Bila amar putusan Pengadilan Negeri dirasa telah cukup proporsional, adalah pilihan yang paling bijak untuk tidak mengajukan upaya hukum terhadap amar putusan. Bilamana telah terlanjur mengajukan permohonan banding ataupun kasasi, maka permohonan tersebut dapat sewaktu-waktu dicabut oleh pihak pemohon banding ataupun kasasi, agar amar putusan banding ataupun kasasi tidak menjadi kontraproduktif bagi pihak pemohon itu sendiri.

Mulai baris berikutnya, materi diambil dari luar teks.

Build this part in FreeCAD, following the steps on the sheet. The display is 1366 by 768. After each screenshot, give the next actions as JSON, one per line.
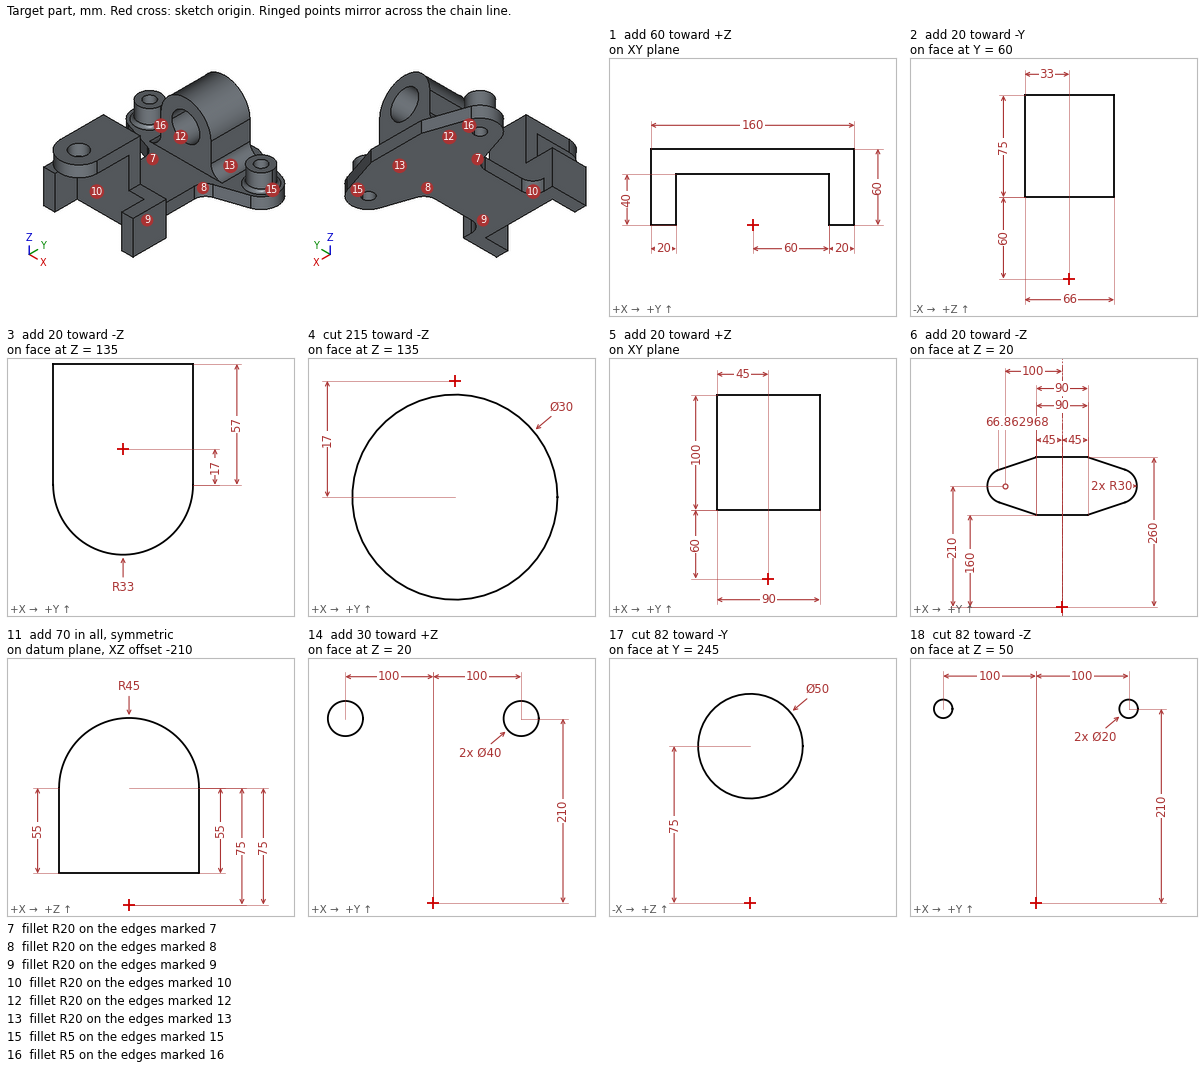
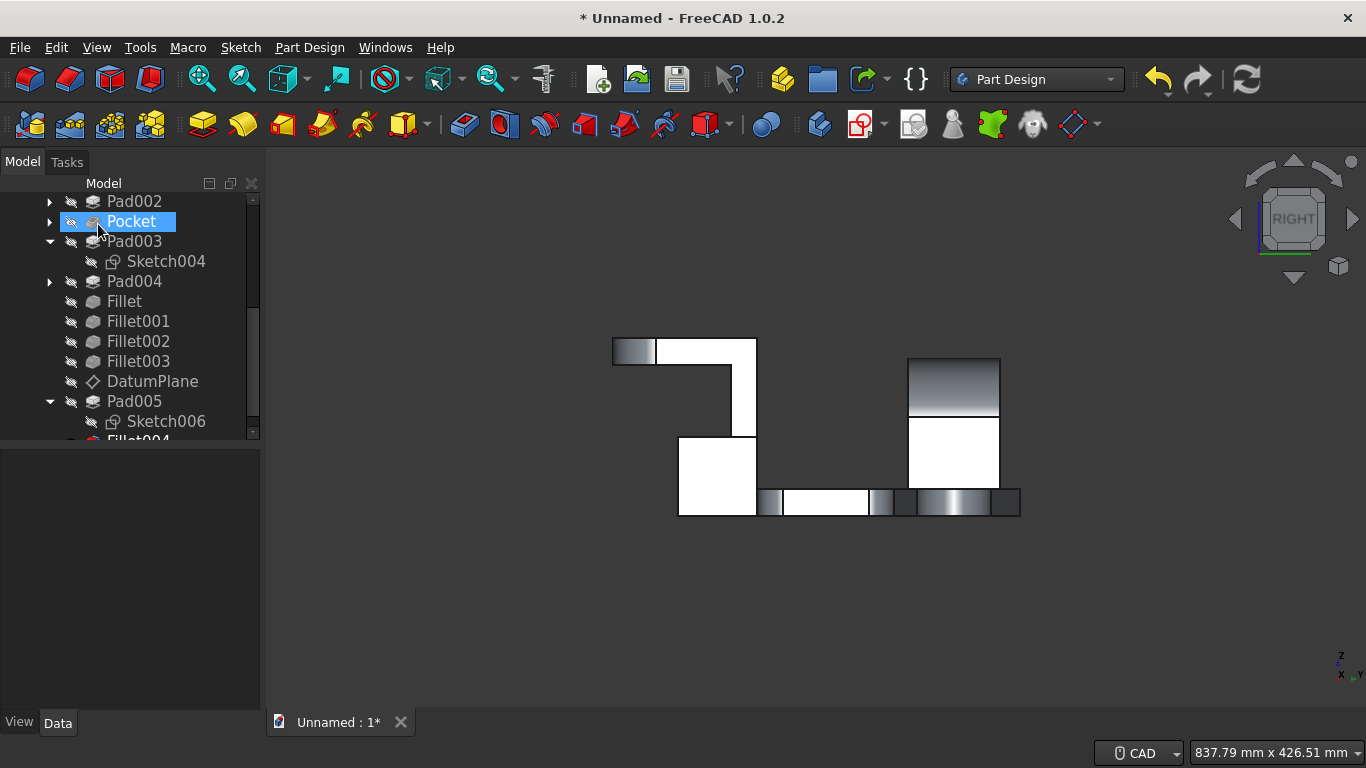
{"action": "key", "text": "v f"}

Kata kuncinya, rasional-lah dalam menimbang berat-ringannya amar putusan Pengadilan Negeri. Tentu saja, syarat yang paling utama ialah : permohonan pencabutan permohonan upaya hukum banding ataupun kasasi tersebut, diajukan sebelum perkara banding atau kasasinya diputus oleh Pengadilan Tinggi ataupun oleh Mahkamah Agung.
PEMBAHASAN:
Sebagai cerminan konkret, untuk itu SHIETRA & PARTNERS dapat merujuk penetapan Mahkamah Agung RI perkara permohonan pencabutan upaya hukum kasasi register Nomor 2722 K/Pdt/2012 tanggal 2 Oktober 2014, sengketa antara:
- PT. MOUNTBATTEN RESORTS INDONESIA, sebagai Pemohon Kasasi, semula selaku Pelawan; melawan
1. I MADE WIRANATHA; 2. DAVID DARGAVILLE HOSKING; 3. EDDY NYOMAN WINARTA, S.H., Notaris/PPAT, selaku Para Termohon Kasasi dahulu Terlawan I, II, III.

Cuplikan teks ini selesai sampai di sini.